2018-00236907-CU-OE
Penny Knight vs. Larry Jenkins Trucking, Inc.
Nature of Proceeding: Motion to Approve Private Attorney’s General Act Settlement and
Filed By: Shimoda, Galen T.
Plaintiff Penny Knight’s unopposed motion for approval of settlement of claims brought pursuant to the Private Attorney General Act of 2004 (“PAGA”) is granted.
Plaintiff seeks an order approving settlement of claims brought in this action as an authorized representative of the Labor and Workforce Development Agency and similarly situated individuals employed by Defendants Larry Jenkins Trucking, Inc. and Larry Jenkins from May 4, 2017 to the date the PAGA settlement is approved. The PAGA claims were premised on the alleged failure to pay overtime wages, minimum wages, provide meal and rest periods, provide accurate wage statements, etc. Approximately 16 employees suffered the alleged Labor Code violations during the relevant period.

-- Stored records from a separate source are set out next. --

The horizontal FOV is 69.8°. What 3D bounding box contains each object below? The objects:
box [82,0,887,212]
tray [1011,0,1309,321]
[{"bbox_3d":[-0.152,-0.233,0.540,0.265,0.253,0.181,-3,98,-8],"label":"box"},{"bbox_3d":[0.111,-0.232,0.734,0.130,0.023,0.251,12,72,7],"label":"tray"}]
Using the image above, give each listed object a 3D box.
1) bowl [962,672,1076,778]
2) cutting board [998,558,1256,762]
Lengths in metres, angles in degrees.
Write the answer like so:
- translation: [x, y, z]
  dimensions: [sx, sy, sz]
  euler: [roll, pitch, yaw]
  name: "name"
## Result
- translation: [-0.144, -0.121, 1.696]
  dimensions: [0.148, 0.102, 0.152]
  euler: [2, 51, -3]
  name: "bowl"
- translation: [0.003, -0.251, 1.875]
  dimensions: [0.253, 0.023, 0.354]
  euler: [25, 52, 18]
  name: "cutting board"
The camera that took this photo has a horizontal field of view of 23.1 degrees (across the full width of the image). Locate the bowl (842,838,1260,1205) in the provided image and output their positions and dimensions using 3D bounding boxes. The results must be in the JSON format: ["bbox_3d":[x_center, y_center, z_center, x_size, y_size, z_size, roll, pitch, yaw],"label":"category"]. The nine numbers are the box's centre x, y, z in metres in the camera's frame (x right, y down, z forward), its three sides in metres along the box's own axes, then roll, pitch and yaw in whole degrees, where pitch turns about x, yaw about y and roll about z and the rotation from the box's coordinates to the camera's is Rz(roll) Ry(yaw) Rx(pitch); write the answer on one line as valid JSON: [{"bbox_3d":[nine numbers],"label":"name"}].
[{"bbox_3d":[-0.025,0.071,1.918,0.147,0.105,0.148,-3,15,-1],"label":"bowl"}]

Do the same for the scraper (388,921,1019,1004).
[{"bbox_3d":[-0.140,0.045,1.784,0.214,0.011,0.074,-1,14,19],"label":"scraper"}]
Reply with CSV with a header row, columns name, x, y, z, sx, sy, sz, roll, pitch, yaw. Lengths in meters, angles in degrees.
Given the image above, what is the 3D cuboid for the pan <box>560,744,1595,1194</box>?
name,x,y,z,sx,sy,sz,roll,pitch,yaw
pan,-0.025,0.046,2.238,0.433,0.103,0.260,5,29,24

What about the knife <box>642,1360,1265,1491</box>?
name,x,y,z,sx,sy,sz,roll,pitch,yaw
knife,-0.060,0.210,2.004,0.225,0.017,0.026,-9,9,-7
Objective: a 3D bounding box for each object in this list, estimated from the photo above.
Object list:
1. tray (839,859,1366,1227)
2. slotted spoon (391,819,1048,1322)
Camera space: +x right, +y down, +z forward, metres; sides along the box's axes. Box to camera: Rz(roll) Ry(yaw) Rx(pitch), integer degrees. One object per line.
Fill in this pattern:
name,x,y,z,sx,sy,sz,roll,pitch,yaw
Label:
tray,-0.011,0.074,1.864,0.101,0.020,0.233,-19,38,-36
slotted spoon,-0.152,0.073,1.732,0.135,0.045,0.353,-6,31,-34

The PAGA settlement reached after mediation calls for Defendants to make a gross payment of $20,667. The settlement provides that attorneys’ fees of up to $7,000 (33.87% of the settlement), up to $5,000 in costs will be deducted from the gross settlement amount and 75% of the net settlement will first be distributed to the
LWDA and 25% to the aggrieved employees on a pro rata basis based on the number of pay periods worked during the relevant period. Plaintiff’s counsel believes that the $20,667 for PAGA penalties represents approximately 4.05% to 15.75% of the total available penalties if the case proceeded to trial and in light of the Court’s discretion to reduce PAGA penalties.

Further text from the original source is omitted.